You should take one more step before digging into your code (although this definitely brings things closer to implementation): Validate your Web page (or pages). Validation is seeing if your Web page is HTML, XHTML, and to what versions of those specs your page might conform. In general, you'll want to stick to whatever format your Web page is already in.

Keep in mind here that the goal is to reduce effort, because you've got to get this site maintainable as quickly as possible, and to expend as little effort as is reasonable. If you're redesigning the site, then you might want to move to whatever you're most comfortable with. For example, if you're an XHTML guru, you could change the site to XHTML, because that's your standard of choice. But if the goal is efficiency, staying with the current format of your page is probably your best choice.

Find out what you've got

Hop over to the W3C Markup Validator (see Resources) and give the site the URL for your own site (see Figure 1).


Figure 1. The W3C Validator
The Validator can handle existing sites as well as uploaded files.

The Validator will check over your page, and spit out something that looks like Figure 2.


Figure 2. Validation summary
The Validator figures out what spec your page (probably) conforms to

In this case, the Validator figured out what encoding and doctype your pages are, and then validated against them.

Bring your doctype in line with your page

The Validator actually does its best to detect what your page is, even if that doesn't match an existing doctype in your page. So if you've got a doctype that claims XHTML 1.0 strict, and your page really is HTML 4.01 transitional, the Validator will tell you that. Rather than trying to match an arbitrary doctype (perhaps entered in by an overzealous Web designer?), go with what the Validator suspects your page is. That's the most efficient approach, and will get you to a maintainable, valid site quickly.

The Validator also reports errors

In addition to figuring out what your page is, the Validator reports errors based on that assumption. In almost every case—especially if you're inheriting a site, meaning you're not sure how well the page was kept up before you—you'll have errors (Figure 3 shows several errors that weren't visible in Figure 2).


Figure 3. Validation errors
Each error in the source is displayed for you to view (and eventually fix)

Now, again, I'm going to give you hard-to-follow advice: Don't start fixing these errors!. I know, I know . . . you're eager to get to it. But here's the thing: If the Web site is a mess—CSS isn't kept separate from HTML, line breaks (<br>) are everywhere—then all of your hard work is going to get changed up anyway. You've got to split your CSS from your HTML, so why fix errors resulting from that now? Do the split, then come back and handle validation issues.

The goal at this stage is to figure out what you're aiming for. If your page was targeted at XHTML 1.0, you'll probably be able to easily get it back to XHTML 1.0. I'm also making an assumption: The designer probably chose XHTML 1.0 for a reason, so even if you don't know the reason, be safe and stick with that decision.

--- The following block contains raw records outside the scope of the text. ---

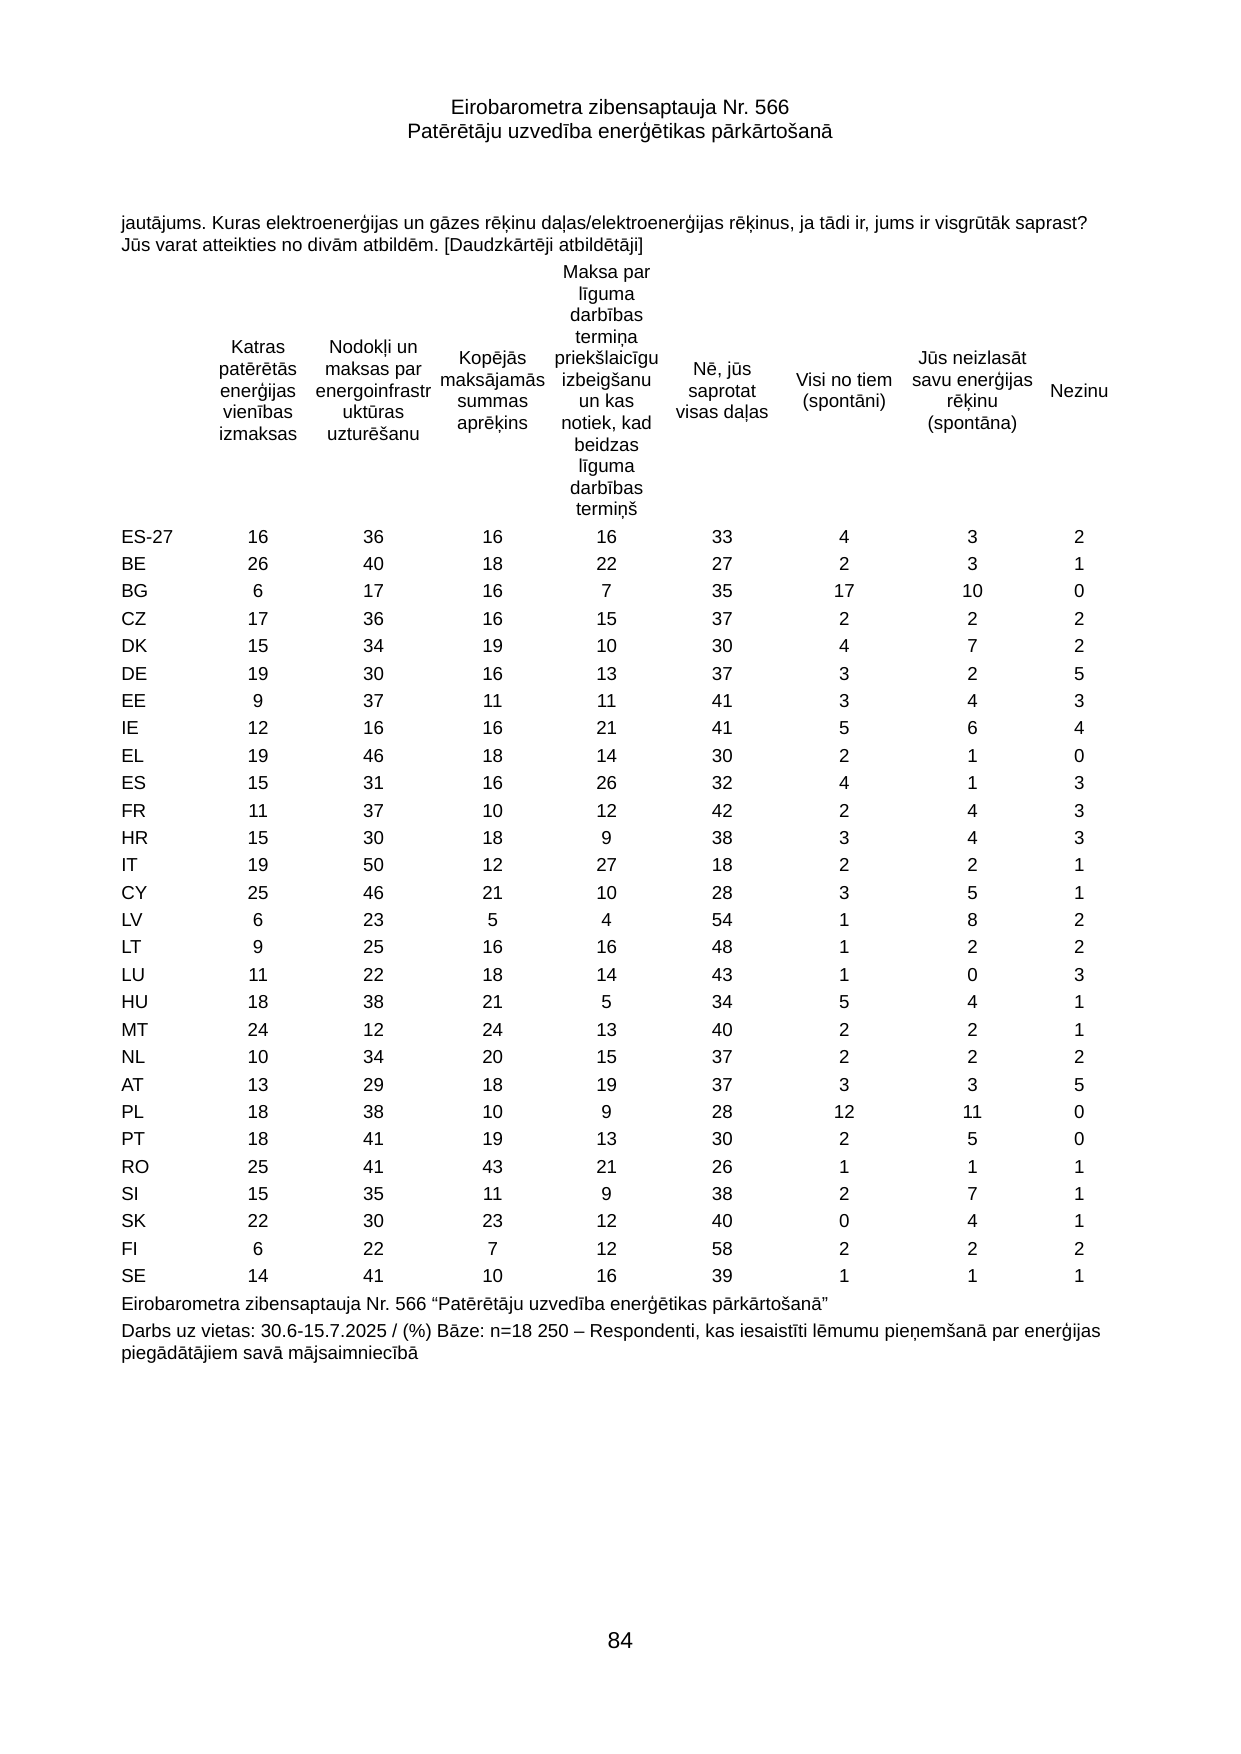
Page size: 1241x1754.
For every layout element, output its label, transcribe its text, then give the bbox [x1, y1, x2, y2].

table_cell 17 [205, 605, 310, 632]
table_cell 18 [436, 550, 549, 577]
table_cell 12 [310, 1016, 436, 1043]
table_cell NL [118, 1043, 205, 1070]
table_cell 12 [549, 796, 664, 824]
table_cell 39 [664, 1262, 780, 1289]
table_cell 26 [205, 550, 310, 577]
table_cell 4 [908, 687, 1036, 714]
table_cell 7 [549, 577, 664, 605]
table_cell 19 [436, 632, 549, 659]
table_cell 37 [310, 687, 436, 714]
table_cell 15 [205, 632, 310, 659]
table_cell 15 [205, 1180, 310, 1207]
table_cell 3 [1036, 769, 1122, 796]
table_cell 2 [1036, 934, 1122, 961]
table_cell 11 [908, 1098, 1036, 1125]
table_cell 22 [310, 1235, 436, 1262]
table_cell 1 [1036, 550, 1122, 577]
table_cell 38 [664, 824, 780, 851]
table_cell 34 [664, 988, 780, 1016]
table_cell 19 [549, 1070, 664, 1098]
table_cell 18 [664, 851, 780, 879]
table_cell 5 [780, 714, 908, 742]
table_cell 15 [549, 1043, 664, 1070]
table_cell 25 [205, 879, 310, 906]
table_cell 15 [549, 605, 664, 632]
table_cell 16 [436, 605, 549, 632]
table_cell 16 [205, 523, 310, 550]
table_cell Kopējās maksājamās summas aprēķins [436, 258, 549, 522]
table_cell 0 [1036, 1098, 1122, 1125]
table_cell 0 [908, 961, 1036, 988]
table_cell 3 [780, 660, 908, 687]
table_cell Jūs neizlasāt savu enerģijas rēķinu (spontāna) [908, 258, 1036, 522]
table_cell 1 [908, 1153, 1036, 1180]
table_cell 19 [205, 660, 310, 687]
table_cell 0 [1036, 1125, 1122, 1153]
table_cell 21 [549, 1153, 664, 1180]
table_cell 30 [310, 660, 436, 687]
table_cell 17 [310, 577, 436, 605]
table_cell 2 [780, 1180, 908, 1207]
table_cell 26 [549, 769, 664, 796]
table_cell 36 [310, 605, 436, 632]
table_cell Visi no tiem (spontāni) [780, 258, 908, 522]
table_cell 30 [664, 742, 780, 769]
table_cell 16 [549, 523, 664, 550]
table_cell 16 [436, 660, 549, 687]
table_cell 28 [664, 1098, 780, 1125]
table_cell LT [118, 934, 205, 961]
table_cell 2 [780, 851, 908, 879]
table_cell SE [118, 1262, 205, 1289]
table_cell 2 [908, 934, 1036, 961]
table_cell 16 [310, 714, 436, 742]
table_cell ES-27 [118, 523, 205, 550]
table_cell 3 [780, 1070, 908, 1098]
table_cell 1 [1036, 879, 1122, 906]
table_cell 2 [780, 1235, 908, 1262]
table_cell 29 [310, 1070, 436, 1098]
table_cell 2 [908, 1235, 1036, 1262]
table_cell 5 [436, 906, 549, 933]
table_cell 18 [205, 988, 310, 1016]
table_cell 2 [1036, 523, 1122, 550]
table_cell 18 [205, 1125, 310, 1153]
table_cell 18 [436, 824, 549, 851]
table_cell 9 [549, 824, 664, 851]
table_cell 40 [664, 1208, 780, 1235]
table_cell 2 [908, 605, 1036, 632]
table_cell 1 [1036, 851, 1122, 879]
table_cell 4 [549, 906, 664, 933]
table_cell 18 [436, 742, 549, 769]
table_cell 13 [549, 660, 664, 687]
table_cell 2 [780, 742, 908, 769]
table_cell PL [118, 1098, 205, 1125]
table_cell IT [118, 851, 205, 879]
table_cell 16 [436, 714, 549, 742]
table_cell 12 [549, 1208, 664, 1235]
table_cell 41 [310, 1262, 436, 1289]
table_cell 9 [205, 934, 310, 961]
table_cell 3 [780, 879, 908, 906]
table_cell 16 [436, 577, 549, 605]
table_cell 8 [908, 906, 1036, 933]
table_cell 1 [908, 769, 1036, 796]
table_cell 10 [436, 1098, 549, 1125]
table_cell 37 [664, 605, 780, 632]
table_cell 1 [1036, 988, 1122, 1016]
table_cell 2 [780, 1125, 908, 1153]
table_cell 16 [436, 934, 549, 961]
table_cell 15 [205, 769, 310, 796]
table_cell 18 [436, 1070, 549, 1098]
table_cell 11 [436, 1180, 549, 1207]
table_cell AT [118, 1070, 205, 1098]
table_cell 41 [310, 1153, 436, 1180]
table_cell LV [118, 906, 205, 933]
table_cell 7 [908, 1180, 1036, 1207]
table_cell 2 [908, 1016, 1036, 1043]
table_cell 6 [205, 1235, 310, 1262]
table_cell [118, 258, 205, 522]
table_cell 3 [1036, 961, 1122, 988]
table_header jautājums. Kuras elektroenerģijas un gāzes rēķinu daļas/elektroenerģijas rēķinus, ja tādi ir, jums ir visgrūtāk saprast? Jūs varat atteikties no divām atbildēm. [Daudzkārtēji atbildētāji] [118, 209, 1122, 258]
table_cell 7 [436, 1235, 549, 1262]
table_cell 5 [908, 879, 1036, 906]
table_cell 1 [780, 934, 908, 961]
table_cell 19 [205, 851, 310, 879]
table_cell 22 [205, 1208, 310, 1235]
table_cell 11 [205, 961, 310, 988]
table_cell 40 [310, 550, 436, 577]
table_cell 22 [310, 961, 436, 988]
table_cell DK [118, 632, 205, 659]
table_cell 16 [549, 1262, 664, 1289]
table_cell 6 [205, 906, 310, 933]
table_cell 22 [549, 550, 664, 577]
table_cell 1 [780, 1262, 908, 1289]
table_cell 41 [664, 687, 780, 714]
table_cell 2 [780, 550, 908, 577]
table_cell 11 [549, 687, 664, 714]
table_cell 2 [780, 796, 908, 824]
table_cell 10 [436, 1262, 549, 1289]
table_cell 54 [664, 906, 780, 933]
table_cell 10 [205, 1043, 310, 1070]
table_cell 5 [780, 988, 908, 1016]
table_cell 6 [205, 577, 310, 605]
table_cell 19 [205, 742, 310, 769]
table_cell 37 [664, 660, 780, 687]
table_cell 13 [549, 1016, 664, 1043]
table_cell HU [118, 988, 205, 1016]
table_cell 0 [1036, 577, 1122, 605]
table_cell 3 [1036, 824, 1122, 851]
table_cell 10 [908, 577, 1036, 605]
table_cell 35 [310, 1180, 436, 1207]
table_cell 3 [1036, 687, 1122, 714]
table_cell 11 [436, 687, 549, 714]
table_cell 24 [205, 1016, 310, 1043]
table_cell 18 [436, 961, 549, 988]
table_cell 38 [664, 1180, 780, 1207]
table_cell SI [118, 1180, 205, 1207]
table_cell 4 [780, 769, 908, 796]
table_cell 14 [549, 961, 664, 988]
table_cell 4 [780, 523, 908, 550]
table_cell 12 [436, 851, 549, 879]
table_cell 48 [664, 934, 780, 961]
table_cell BE [118, 550, 205, 577]
table_cell 12 [780, 1098, 908, 1125]
table_cell 32 [664, 769, 780, 796]
table_cell 0 [780, 1208, 908, 1235]
table_cell CZ [118, 605, 205, 632]
table_cell 16 [549, 934, 664, 961]
table_cell 20 [436, 1043, 549, 1070]
table_cell 38 [310, 988, 436, 1016]
table_cell 4 [780, 632, 908, 659]
table_cell 14 [205, 1262, 310, 1289]
table_cell 31 [310, 769, 436, 796]
table_cell 5 [1036, 660, 1122, 687]
table_cell 34 [310, 1043, 436, 1070]
table_cell 30 [310, 824, 436, 851]
table_cell 4 [908, 796, 1036, 824]
table_cell 2 [1036, 1235, 1122, 1262]
table_cell 21 [436, 879, 549, 906]
table_cell 5 [908, 1125, 1036, 1153]
table_cell 1 [780, 961, 908, 988]
table_cell 1 [1036, 1153, 1122, 1180]
table_cell 12 [549, 1235, 664, 1262]
table_cell 18 [205, 1098, 310, 1125]
table_cell 1 [1036, 1262, 1122, 1289]
table_cell Darbs uz vietas: 30.6-15.7.2025 / (%) Bāze: n=18 250 – Respondenti, kas iesaistīti lēmumu pieņemšanā par enerģijas piegādātājiem savā mājsaimniecībā [118, 1317, 1122, 1366]
table_cell 43 [664, 961, 780, 988]
table_cell 25 [310, 934, 436, 961]
table_cell 3 [908, 523, 1036, 550]
table_cell 2 [1036, 906, 1122, 933]
table_cell 37 [664, 1043, 780, 1070]
table_cell 2 [780, 1043, 908, 1070]
table_cell 27 [549, 851, 664, 879]
table_cell 26 [664, 1153, 780, 1180]
table_cell 10 [436, 796, 549, 824]
table_cell 2 [908, 660, 1036, 687]
table_cell 33 [664, 523, 780, 550]
table_cell 1 [908, 1262, 1036, 1289]
table_cell CY [118, 879, 205, 906]
table_cell Nē, jūs saprotat visas daļas [664, 258, 780, 522]
table_cell 30 [664, 632, 780, 659]
table_cell 10 [549, 632, 664, 659]
table_cell 19 [436, 1125, 549, 1153]
table_cell 1 [780, 906, 908, 933]
table_cell 38 [310, 1098, 436, 1125]
table_cell 42 [664, 796, 780, 824]
table_cell 2 [1036, 1043, 1122, 1070]
table_cell 7 [908, 632, 1036, 659]
table_cell 9 [205, 687, 310, 714]
table_cell 21 [436, 988, 549, 1016]
table_cell 0 [1036, 742, 1122, 769]
table_cell EE [118, 687, 205, 714]
table_cell 10 [549, 879, 664, 906]
table_cell 3 [780, 687, 908, 714]
table_cell Eirobarometra zibensaptauja Nr. 566 “Patērētāju uzvedība enerģētikas pārkārtošanā” [118, 1290, 1122, 1317]
table_cell 13 [205, 1070, 310, 1098]
table_cell 1 [780, 1153, 908, 1180]
table_cell BG [118, 577, 205, 605]
table_cell 27 [664, 550, 780, 577]
table_cell 46 [310, 742, 436, 769]
table_cell 2 [908, 1043, 1036, 1070]
table_cell 2 [1036, 632, 1122, 659]
table_cell 16 [436, 523, 549, 550]
table_cell 16 [436, 769, 549, 796]
table_cell 25 [205, 1153, 310, 1180]
table_cell 11 [205, 796, 310, 824]
table_cell MT [118, 1016, 205, 1043]
table_cell 28 [664, 879, 780, 906]
table_cell 30 [664, 1125, 780, 1153]
table_cell 13 [549, 1125, 664, 1153]
table_cell Katras patērētās enerģijas vienības izmaksas [205, 258, 310, 522]
table_cell 43 [436, 1153, 549, 1180]
table_cell 4 [908, 1208, 1036, 1235]
table_cell 2 [908, 851, 1036, 879]
table_cell 37 [664, 1070, 780, 1098]
table_cell 30 [310, 1208, 436, 1235]
table_cell EL [118, 742, 205, 769]
table_cell 12 [205, 714, 310, 742]
table_cell 41 [310, 1125, 436, 1153]
table_cell 1 [1036, 1208, 1122, 1235]
table_cell FR [118, 796, 205, 824]
table_cell 5 [1036, 1070, 1122, 1098]
table_cell RO [118, 1153, 205, 1180]
table_cell 23 [436, 1208, 549, 1235]
table_cell 35 [664, 577, 780, 605]
table_cell 3 [908, 550, 1036, 577]
table_cell 1 [1036, 1180, 1122, 1207]
table_cell 4 [908, 824, 1036, 851]
table_cell 1 [1036, 1016, 1122, 1043]
table_cell 21 [549, 714, 664, 742]
table_cell 40 [664, 1016, 780, 1043]
table_cell PT [118, 1125, 205, 1153]
table_cell 9 [549, 1098, 664, 1125]
table_cell 58 [664, 1235, 780, 1262]
table_cell 6 [908, 714, 1036, 742]
table_cell 1 [908, 742, 1036, 769]
table_cell Maksa par līguma darbības termiņa priekšlaicīgu izbeigšanu un kas notiek, kad beidzas līguma darbības termiņš [549, 258, 664, 522]
table_cell 9 [549, 1180, 664, 1207]
table_cell 3 [908, 1070, 1036, 1098]
table_cell IE [118, 714, 205, 742]
table_cell SK [118, 1208, 205, 1235]
table_cell 5 [549, 988, 664, 1016]
table_cell Nezinu [1036, 258, 1122, 522]
table_cell 36 [310, 523, 436, 550]
table_cell 14 [549, 742, 664, 769]
table_cell 50 [310, 851, 436, 879]
table_cell 2 [1036, 605, 1122, 632]
table_cell 24 [436, 1016, 549, 1043]
table_cell 2 [780, 1016, 908, 1043]
table_cell 3 [780, 824, 908, 851]
table_cell DE [118, 660, 205, 687]
table_cell 41 [664, 714, 780, 742]
table_cell ES [118, 769, 205, 796]
table_cell LU [118, 961, 205, 988]
table_cell 3 [1036, 796, 1122, 824]
table_cell 4 [1036, 714, 1122, 742]
table_cell 34 [310, 632, 436, 659]
table_cell Nodokļi un maksas par energoinfrastruktūras uzturēšanu [310, 258, 436, 522]
table_cell 46 [310, 879, 436, 906]
table_cell FI [118, 1235, 205, 1262]
table_cell 17 [780, 577, 908, 605]
table_cell 4 [908, 988, 1036, 1016]
table_cell 15 [205, 824, 310, 851]
table_cell HR [118, 824, 205, 851]
table_cell 23 [310, 906, 436, 933]
table_cell 37 [310, 796, 436, 824]
table_cell 2 [780, 605, 908, 632]

If your site comes back as HTML 4.01 transitional—basically, the loosest possible choice—then you're good, anyway, because you've got a low bar to meet. The idea here is to find the shortest possible path to a solid site—both in design and implementation—that meets whatever requirements your original designer was given. Sometimes you won't know what those requirements were, so validation is one way you can reverse-engineer them.

But I have 1,000 pages!

So far, the assumption is that you run each page in your site through the Validator by hand. Ultimately, that's the best way to ensure you catch every error on every page and give each page proper attention. As you work through the first few pages, you'll often make changes that apply to your entire site (perhaps reworking a header section you can do a massive search-and-replace on, for example), making later pages easier.

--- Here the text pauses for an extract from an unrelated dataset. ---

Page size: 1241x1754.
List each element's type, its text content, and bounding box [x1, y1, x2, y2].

However, as the emphasis has been on efficiency, there are options for batch processing validation. In those cases, you're going to have to look beyond the W3C Validator and go with something like the WDG HTML Validator (which allows you to enter multiple URLs in a text box—better, although not great), or the CSE HTML Validator (an inexpensive program that does batch processing.). (Find links to both in the Resources section.) The problem with batch validation is that while you save time going in, it's easier to miss details because you're often faced with hundreds—if not thousands—of lines of errors to contend with over a large site.

Why bother validating?

If you're like most of the rest of the Web development world, validation is at best a nuisance, and at worst, a full-blown nightmare. The first time you run your page through the Validator and see hundreds of red-shaded error messages, it's pretty overwhelming. But you get some benefits from validation that are well worth the effort it takes to get your pages validating.

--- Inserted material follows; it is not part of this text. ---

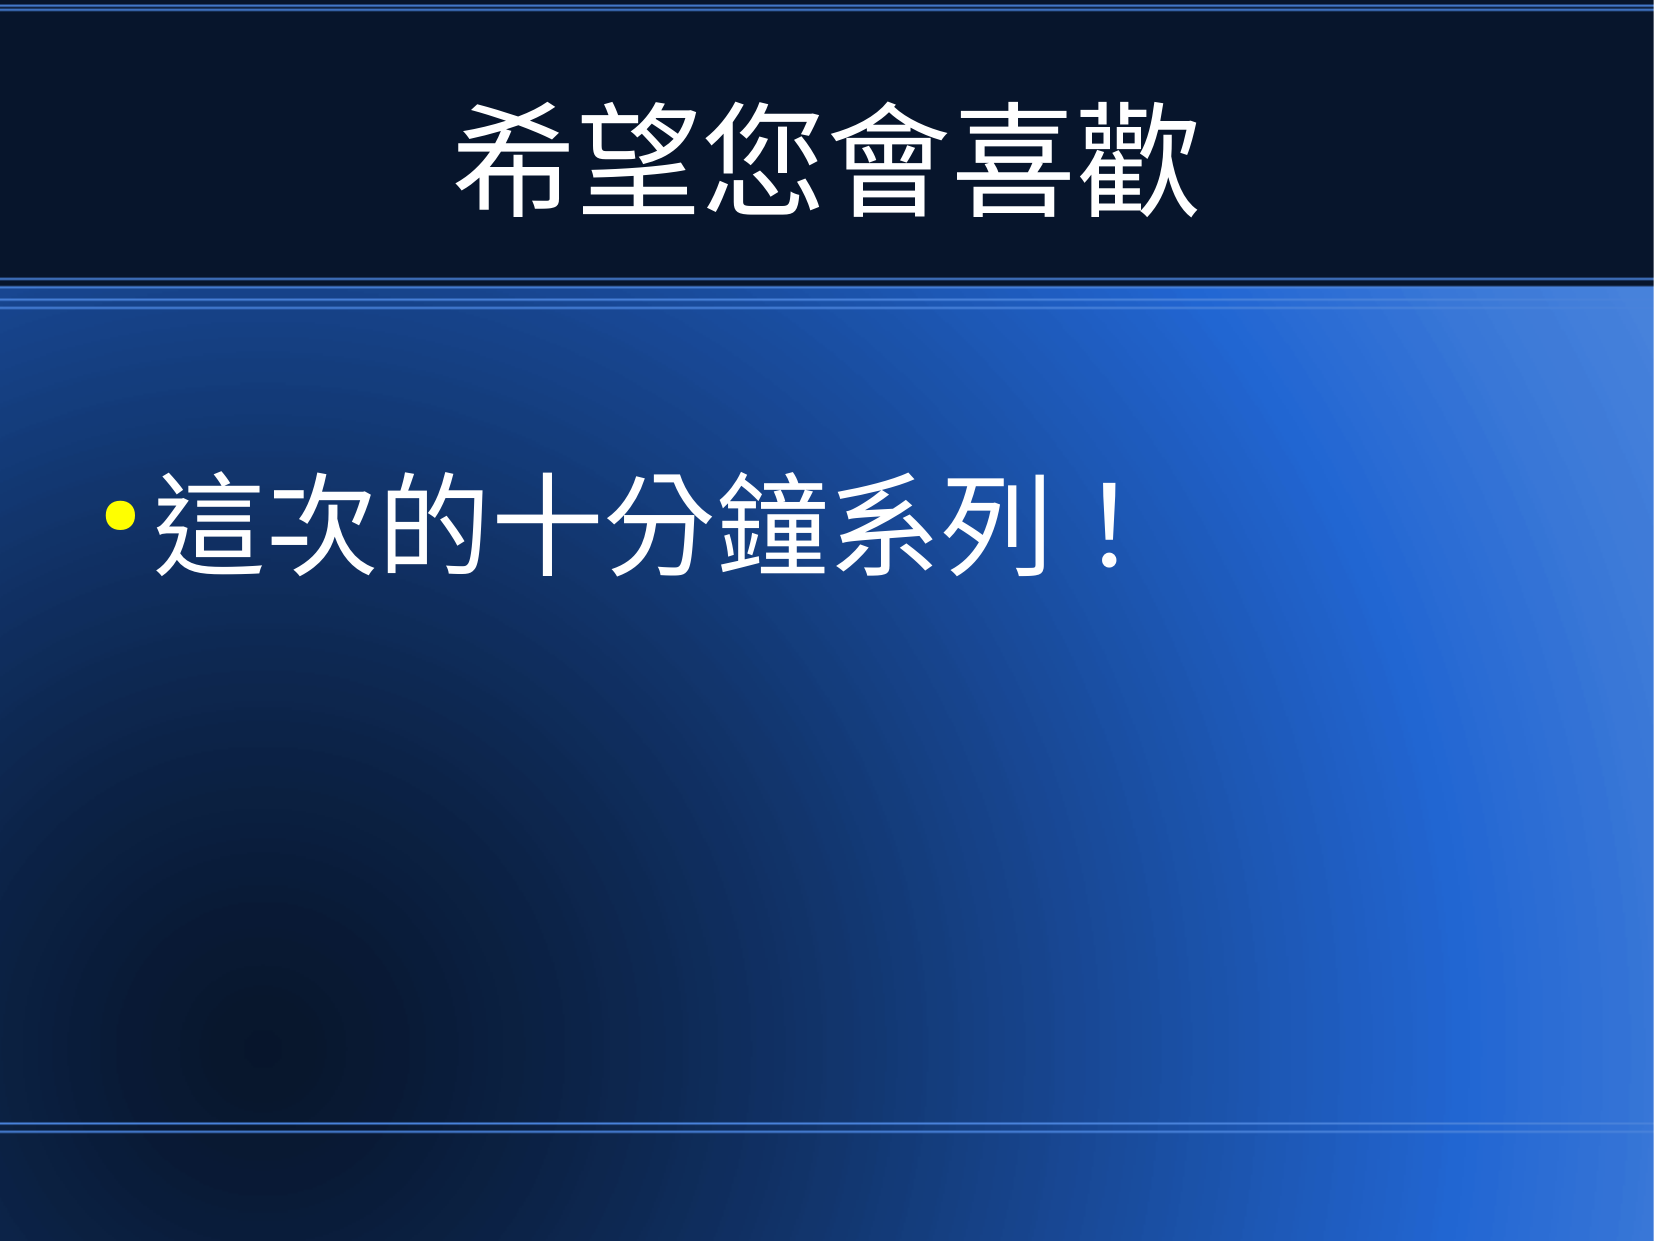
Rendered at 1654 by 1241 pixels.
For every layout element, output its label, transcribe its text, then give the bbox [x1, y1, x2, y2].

title 希望您會喜歡 [82, 49, 1571, 257]
list 這次的十分鐘系列！ [82, 355, 1571, 1241]
picture [0, 0, 1654, 1241]

First and foremost, a valid page is going to display properly. Invalid pages often have missing closing tags, improper nesting of your HTML tags, and even problems with CSS style tags. These aren't things that are "nice-to-have" items; they're the essence of a site that behaves like you'd expect it to. One b or h1 tag out of place or left open, and suddenly your entire page is in a heavy font that reads too big... and users are leaving your site in droves. So validation is a way of stamping your page with "predictable." If you use tags properly, your page will be structurally sound and easy to use and browse.

Additionally, validation provides a baseline functionality that you can always check changes and updates to your page against. If you get your page validating, and then it stops validating, you know you've got a change that's not only not been checked, but may really screw up the structure and even presentation of your site. So validation serves as a check—sort of like compiling your code every time you make a change. If compilation (or validation) fails, then something is not as it should be.

Last, but (maybe!) not least, there's a debate raging about whether valid pages are more easily indexable by search engines like Google, Yahoo!, and MSN. The algorithms used by these search engines are highly secretive, and constantly being changed, so you'll find materials that say validation matters, then that it doesn't matter, and then that it's not required, but increases your search score or index. The bottom line is that except for a few folks at each company, we don't know, but it's certainly true that a page that is structured and displayed properly (something that validation assists in) is going to be visited more, indexed more, and ultimately appear higher in any search rankings.


Implementation: Cleaning up your CSS

At this point, you should have a gut feel for the overall site design and a knowledge of what specs the site was designed for (HTML, XHTML, and so on). Now it's finally time to get into changing the site itself.

Get the CSS out

Backing up? Testing? Staging?

Each company and project will have different backup and development procedures. But you should have something in place allowing you to work on a site without worrying about cratering the existing site. That may mean a backup of the site, or you working on a duplicate of the site sitting on another machine (or on the same machine with a different DNS, like http://staging.my-company.com). Just make sure that while you're improving, you're not killing the actual site at the same time.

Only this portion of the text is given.